Brief: How many lines in the records below contain the word "section"? Answer with the number alone.

Recorded data:
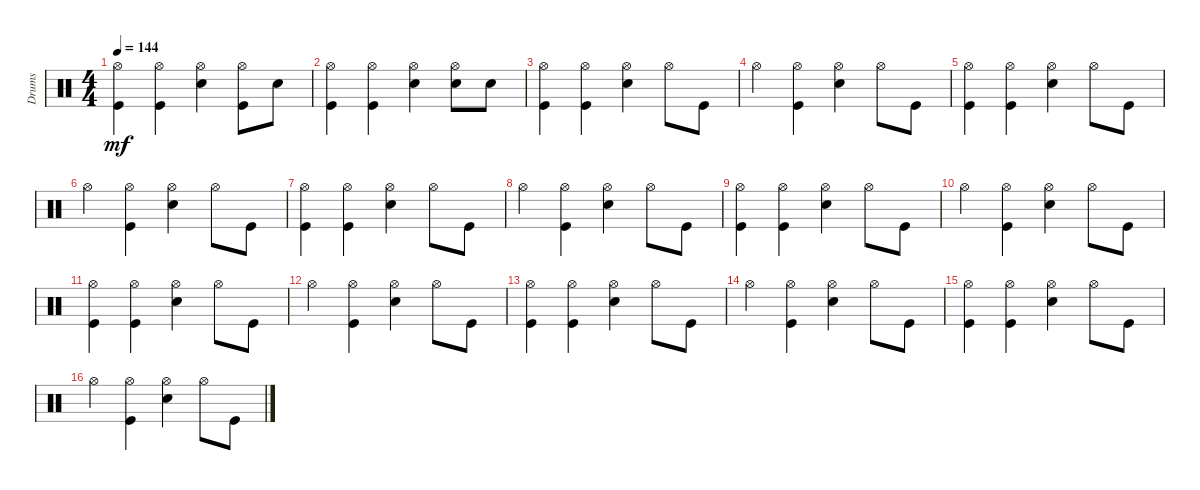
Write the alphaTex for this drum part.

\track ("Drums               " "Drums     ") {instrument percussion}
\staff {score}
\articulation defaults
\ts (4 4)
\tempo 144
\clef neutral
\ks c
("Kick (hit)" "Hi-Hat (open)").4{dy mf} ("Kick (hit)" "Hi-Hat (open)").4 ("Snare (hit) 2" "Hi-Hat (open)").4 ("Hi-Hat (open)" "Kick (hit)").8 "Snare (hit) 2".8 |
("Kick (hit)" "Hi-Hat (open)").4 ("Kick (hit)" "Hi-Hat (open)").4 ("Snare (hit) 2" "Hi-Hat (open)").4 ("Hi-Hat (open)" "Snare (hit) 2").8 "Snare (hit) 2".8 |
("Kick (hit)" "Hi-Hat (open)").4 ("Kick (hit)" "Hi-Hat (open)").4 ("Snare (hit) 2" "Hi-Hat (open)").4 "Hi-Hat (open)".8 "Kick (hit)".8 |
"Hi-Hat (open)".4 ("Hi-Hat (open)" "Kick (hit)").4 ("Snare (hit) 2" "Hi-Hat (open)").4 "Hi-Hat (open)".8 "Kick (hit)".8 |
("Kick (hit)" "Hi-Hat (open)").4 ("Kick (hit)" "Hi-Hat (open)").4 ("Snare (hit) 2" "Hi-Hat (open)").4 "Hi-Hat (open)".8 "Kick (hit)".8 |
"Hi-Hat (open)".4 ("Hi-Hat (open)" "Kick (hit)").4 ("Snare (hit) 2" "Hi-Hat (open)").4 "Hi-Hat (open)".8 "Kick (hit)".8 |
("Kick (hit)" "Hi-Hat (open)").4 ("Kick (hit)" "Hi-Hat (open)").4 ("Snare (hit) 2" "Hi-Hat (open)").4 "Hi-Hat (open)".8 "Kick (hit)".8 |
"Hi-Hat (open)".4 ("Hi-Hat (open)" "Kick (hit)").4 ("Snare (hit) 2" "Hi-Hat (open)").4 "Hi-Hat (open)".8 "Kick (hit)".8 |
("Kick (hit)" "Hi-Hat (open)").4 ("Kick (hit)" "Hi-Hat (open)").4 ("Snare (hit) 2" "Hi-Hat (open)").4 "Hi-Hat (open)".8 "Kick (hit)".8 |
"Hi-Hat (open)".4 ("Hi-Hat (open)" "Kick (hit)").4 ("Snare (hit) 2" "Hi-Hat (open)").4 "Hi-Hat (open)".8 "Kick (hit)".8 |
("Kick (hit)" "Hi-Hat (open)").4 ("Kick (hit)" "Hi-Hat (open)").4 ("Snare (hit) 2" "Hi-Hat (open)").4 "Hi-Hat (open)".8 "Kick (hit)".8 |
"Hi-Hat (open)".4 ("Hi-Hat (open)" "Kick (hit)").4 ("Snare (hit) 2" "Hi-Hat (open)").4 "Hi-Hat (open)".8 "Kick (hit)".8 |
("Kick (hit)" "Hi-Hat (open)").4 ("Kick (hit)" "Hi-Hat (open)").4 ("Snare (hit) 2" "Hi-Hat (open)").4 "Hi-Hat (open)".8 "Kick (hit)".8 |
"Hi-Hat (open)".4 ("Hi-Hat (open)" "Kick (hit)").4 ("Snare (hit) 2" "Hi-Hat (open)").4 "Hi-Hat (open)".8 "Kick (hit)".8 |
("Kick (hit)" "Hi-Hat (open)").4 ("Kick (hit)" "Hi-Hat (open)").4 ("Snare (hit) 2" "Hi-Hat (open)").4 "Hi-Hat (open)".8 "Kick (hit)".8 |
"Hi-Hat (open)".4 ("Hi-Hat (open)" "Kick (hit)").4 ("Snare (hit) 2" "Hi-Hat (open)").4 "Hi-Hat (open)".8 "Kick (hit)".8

* * *

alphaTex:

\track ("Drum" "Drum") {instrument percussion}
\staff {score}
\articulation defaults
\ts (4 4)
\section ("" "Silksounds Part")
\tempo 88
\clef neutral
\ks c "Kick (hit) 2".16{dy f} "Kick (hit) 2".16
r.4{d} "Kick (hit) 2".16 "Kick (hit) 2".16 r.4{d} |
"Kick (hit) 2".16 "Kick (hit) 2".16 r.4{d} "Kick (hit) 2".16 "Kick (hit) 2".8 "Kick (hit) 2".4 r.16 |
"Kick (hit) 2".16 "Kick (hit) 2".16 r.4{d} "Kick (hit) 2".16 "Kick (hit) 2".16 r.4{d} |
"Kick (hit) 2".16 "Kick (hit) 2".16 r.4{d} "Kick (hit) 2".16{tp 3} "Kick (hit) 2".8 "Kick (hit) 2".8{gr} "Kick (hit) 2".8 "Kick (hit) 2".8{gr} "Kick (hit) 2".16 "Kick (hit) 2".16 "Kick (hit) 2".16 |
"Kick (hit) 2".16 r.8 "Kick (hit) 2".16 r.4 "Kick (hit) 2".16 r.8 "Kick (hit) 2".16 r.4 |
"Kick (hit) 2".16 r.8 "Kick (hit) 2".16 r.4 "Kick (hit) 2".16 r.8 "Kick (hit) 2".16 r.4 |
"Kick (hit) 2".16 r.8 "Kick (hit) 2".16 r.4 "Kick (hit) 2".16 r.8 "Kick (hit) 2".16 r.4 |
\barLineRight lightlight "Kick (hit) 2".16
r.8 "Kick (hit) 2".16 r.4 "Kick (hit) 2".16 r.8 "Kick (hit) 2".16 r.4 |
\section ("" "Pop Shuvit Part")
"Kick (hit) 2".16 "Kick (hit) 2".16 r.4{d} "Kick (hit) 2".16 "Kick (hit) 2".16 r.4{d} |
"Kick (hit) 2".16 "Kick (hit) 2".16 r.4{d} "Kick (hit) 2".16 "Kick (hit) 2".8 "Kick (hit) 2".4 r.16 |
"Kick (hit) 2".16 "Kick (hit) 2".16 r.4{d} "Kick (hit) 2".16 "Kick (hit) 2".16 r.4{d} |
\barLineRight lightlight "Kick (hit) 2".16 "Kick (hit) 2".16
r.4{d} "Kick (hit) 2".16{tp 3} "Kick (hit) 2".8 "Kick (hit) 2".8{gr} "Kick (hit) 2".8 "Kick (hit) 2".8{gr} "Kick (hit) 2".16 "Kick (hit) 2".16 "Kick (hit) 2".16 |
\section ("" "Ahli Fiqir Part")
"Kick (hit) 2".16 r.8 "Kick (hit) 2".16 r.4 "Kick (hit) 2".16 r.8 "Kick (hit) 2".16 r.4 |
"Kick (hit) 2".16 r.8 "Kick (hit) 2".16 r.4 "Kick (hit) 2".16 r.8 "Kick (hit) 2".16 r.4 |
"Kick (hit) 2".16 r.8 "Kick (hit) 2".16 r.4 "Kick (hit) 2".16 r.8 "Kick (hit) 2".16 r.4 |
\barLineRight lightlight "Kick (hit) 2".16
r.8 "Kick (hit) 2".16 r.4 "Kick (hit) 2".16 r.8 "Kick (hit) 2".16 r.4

Response area: 3